Center for Security and Emerging Technology
- Formation: 2019; 7 years ago
- Type: Think tank
- Headquarters: Washington, D.C., U.S.
- Founding Director: Jason Gaverick Matheny
- Executive Director: Dewey Murdick
- Parent organization: School of Foreign Service, Georgetown University
- Website: cset.georgetown.edu

= Center for Security and Emerging Technology =

American technology think tank

The Center for Security and Emerging Technology (CSET) is a think tank dedicated to policy analysis at the intersection of national and international security and emerging technologies, based at Georgetown University's School of Foreign Service.

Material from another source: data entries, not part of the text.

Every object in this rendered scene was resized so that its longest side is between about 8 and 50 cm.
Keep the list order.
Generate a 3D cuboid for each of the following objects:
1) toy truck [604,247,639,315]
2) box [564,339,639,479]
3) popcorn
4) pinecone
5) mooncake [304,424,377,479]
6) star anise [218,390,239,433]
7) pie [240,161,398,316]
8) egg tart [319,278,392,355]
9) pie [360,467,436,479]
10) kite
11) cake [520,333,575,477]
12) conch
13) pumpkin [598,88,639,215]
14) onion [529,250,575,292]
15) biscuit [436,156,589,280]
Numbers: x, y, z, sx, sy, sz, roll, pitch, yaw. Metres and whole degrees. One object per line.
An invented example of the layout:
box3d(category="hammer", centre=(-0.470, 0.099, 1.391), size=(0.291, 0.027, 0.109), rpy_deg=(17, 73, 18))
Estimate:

Its mission is to study the security impacts of emerging technologies by analyzing data, supporting academic work in security and technology studies, and delivering nonpartisan analysis to the policy community. CSET focuses particularly on the intersection of security and artificial intelligence (AI). It addresses topics such as national competitiveness, opportunities related to AI, talent and knowledge flows, AI safety assessments, and AI applications in biotechnology and computer security.

CSET's founding director, Jason Gaverick Matheny, previously served as the director of the Intelligence Advanced Research Projects Activity. Dewey Murdick, former chief analytics officer and deputy chief scientist within the Department of Homeland Security, served as the Executive Director from 2021-2025. Its current Executive Director is Helen Toner who previously worked as a Senior Research Analyst at Open Philanthropy.

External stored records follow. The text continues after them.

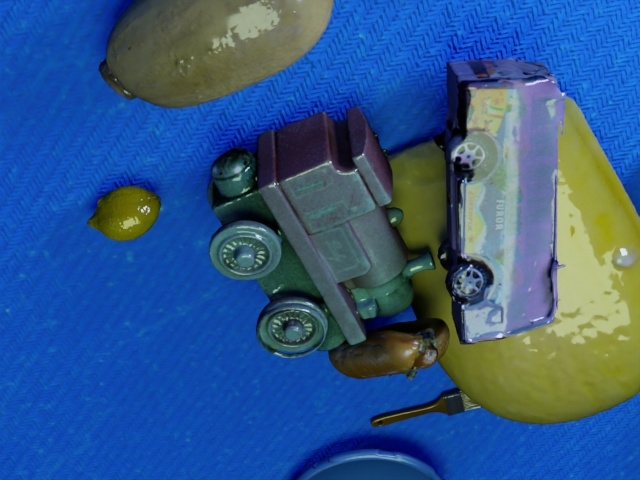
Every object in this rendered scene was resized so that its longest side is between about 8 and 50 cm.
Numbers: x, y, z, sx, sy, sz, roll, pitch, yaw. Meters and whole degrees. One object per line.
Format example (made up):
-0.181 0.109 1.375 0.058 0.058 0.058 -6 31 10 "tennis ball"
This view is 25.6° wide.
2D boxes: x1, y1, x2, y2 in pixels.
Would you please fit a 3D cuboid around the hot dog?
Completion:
0.086 0.140 1.741 0.100 0.249 0.068 -14 88 -20 "hot dog"

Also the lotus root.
-0.097 -0.230 1.453 0.303 0.131 0.146 -27 128 13 "lotus root"

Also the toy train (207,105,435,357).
0.000 0.000 1.641 0.221 0.150 0.304 -20 128 12 "toy train"

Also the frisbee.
0.069 0.375 2.028 0.242 0.045 0.242 -1 131 -1 "frisbee"

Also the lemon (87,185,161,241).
-0.228 -0.031 1.639 0.092 0.065 0.065 -18 129 5 "lemon"

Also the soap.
0.254 0.037 1.723 0.306 0.115 0.427 -21 109 12 "soap"

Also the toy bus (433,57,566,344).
0.201 -0.043 1.580 0.138 0.112 0.317 -4 113 -1 "toy bus"

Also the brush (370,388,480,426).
0.151 0.233 1.949 0.170 0.014 0.043 -15 128 3 "brush"
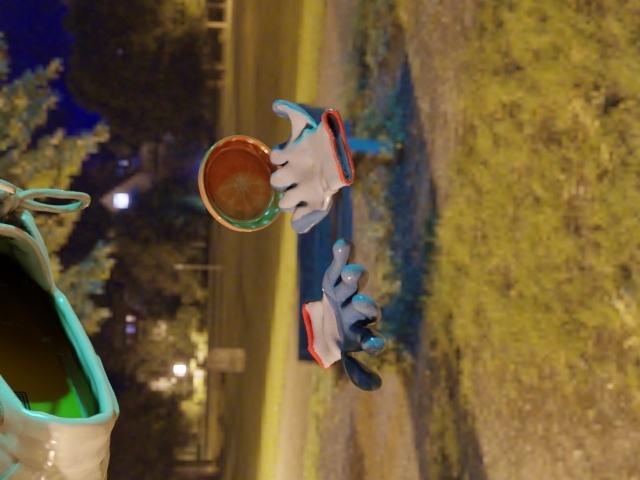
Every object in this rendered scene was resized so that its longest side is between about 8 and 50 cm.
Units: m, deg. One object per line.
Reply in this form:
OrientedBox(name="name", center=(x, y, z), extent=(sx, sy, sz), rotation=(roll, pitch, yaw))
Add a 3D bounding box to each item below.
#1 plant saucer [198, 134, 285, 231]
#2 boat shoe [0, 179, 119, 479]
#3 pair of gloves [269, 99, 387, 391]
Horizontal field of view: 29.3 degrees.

Established in January 2019, CSET has received more than $57,000,000 in funding from the Open Philanthropy Project, the William and Flora Hewlett Foundation, and the Public Interest Technology University Network. CSET has faced criticism over its ties to the effective altruism movement.

== Publications ==
CSET produces a biweekly newsletter, policy.ai. It has published research on various aspects of the intersection between artificial intelligence and security, including changes to the U.S. AI workforce, immigration laws' effect on the AI sector, and technology transfer overseas. Its research output includes policy briefs and longer published reports.

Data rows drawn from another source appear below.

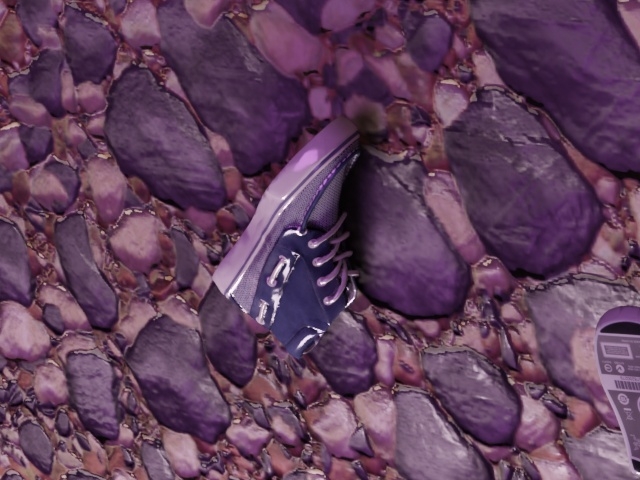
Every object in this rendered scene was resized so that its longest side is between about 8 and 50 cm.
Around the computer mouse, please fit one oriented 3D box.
[{"bbox_3d":[0.216,0.118,1.043,0.106,0.042,0.193,4,119,45],"label":"computer mouse"}]

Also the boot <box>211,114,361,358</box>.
[{"bbox_3d":[0.000,0.000,1.164,0.086,0.069,0.190,44,141,7],"label":"boot"}]
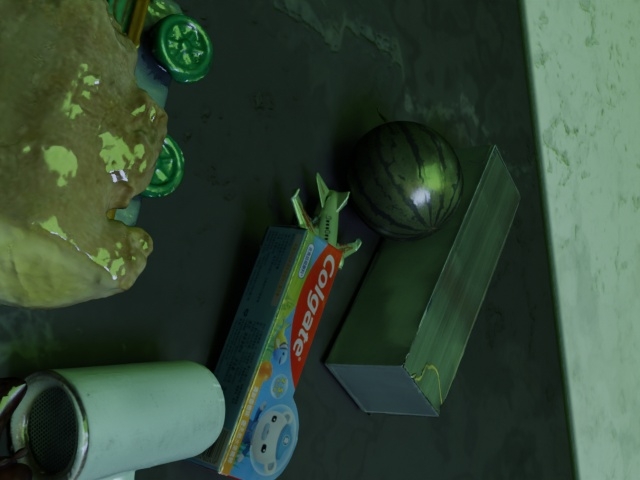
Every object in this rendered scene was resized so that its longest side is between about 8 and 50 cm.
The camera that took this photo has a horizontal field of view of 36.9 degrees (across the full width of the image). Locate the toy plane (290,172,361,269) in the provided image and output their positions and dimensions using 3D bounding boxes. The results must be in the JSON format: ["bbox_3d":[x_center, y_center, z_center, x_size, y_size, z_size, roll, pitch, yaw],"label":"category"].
[{"bbox_3d":[0.000,0.000,0.819,0.102,0.040,0.111,35,61,-43],"label":"toy plane"}]

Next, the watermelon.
[{"bbox_3d":[0.072,-0.065,0.870,0.105,0.105,0.133,6,60,-51],"label":"watermelon"}]

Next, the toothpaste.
[{"bbox_3d":[-0.036,0.089,0.741,0.070,0.044,0.193,34,71,-45],"label":"toothpaste"}]

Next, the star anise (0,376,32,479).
[{"bbox_3d":[-0.242,0.159,0.458,0.272,0.103,0.272,-53,157,-35],"label":"star anise"}]

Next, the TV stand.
[{"bbox_3d":[0.104,0.033,0.908,0.082,0.088,0.269,56,48,-35],"label":"TV stand"}]

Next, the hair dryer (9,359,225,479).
[{"bbox_3d":[-0.129,0.198,0.622,0.131,0.073,0.236,4,87,-53],"label":"hair dryer"}]

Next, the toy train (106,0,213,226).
[{"bbox_3d":[-0.153,-0.092,0.596,0.136,0.091,0.227,22,70,-38],"label":"toy train"}]

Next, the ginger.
[{"bbox_3d":[-0.148,-0.074,0.506,0.138,0.074,0.213,4,73,-31],"label":"ginger"}]

A study published in January 2023 by CSET, OpenAI, and the Stanford Internet Observatory and covered by Forbes cited that "There are also possible negative applications of generative language models, or 'language models' for short. For malicious actors looking to spread propaganda—information designed to shape perceptions to further an actor’s interest—these language models bring the promise of automating the creation of convincing and misleading text for use in influence operations, rather than having to rely on human labor."

In May 2023, Chinese officials announced that they would be closing some of the access that foreign countries had into their public information as a result of studies from think tanks like CSET, citing concerns about cooperation between the U.S. military and the private sector.

In a September 2024 testimony before the United States House Select Committee on Strategic Competition between the United States and the Chinese Communist Party, former CSET employee Anna B. Puglisi stated that she received legal threats of libel from BGI Group for a report she wrote while serving at CSET. Puglisi had initially been refused legal indemnity from Georgetown University for the report. Following the testimony, a Georgetown University representative stated that it "stand[s] fully behind the report" and is "prepared to defend the report and its authors should the letters lead to formal legal action."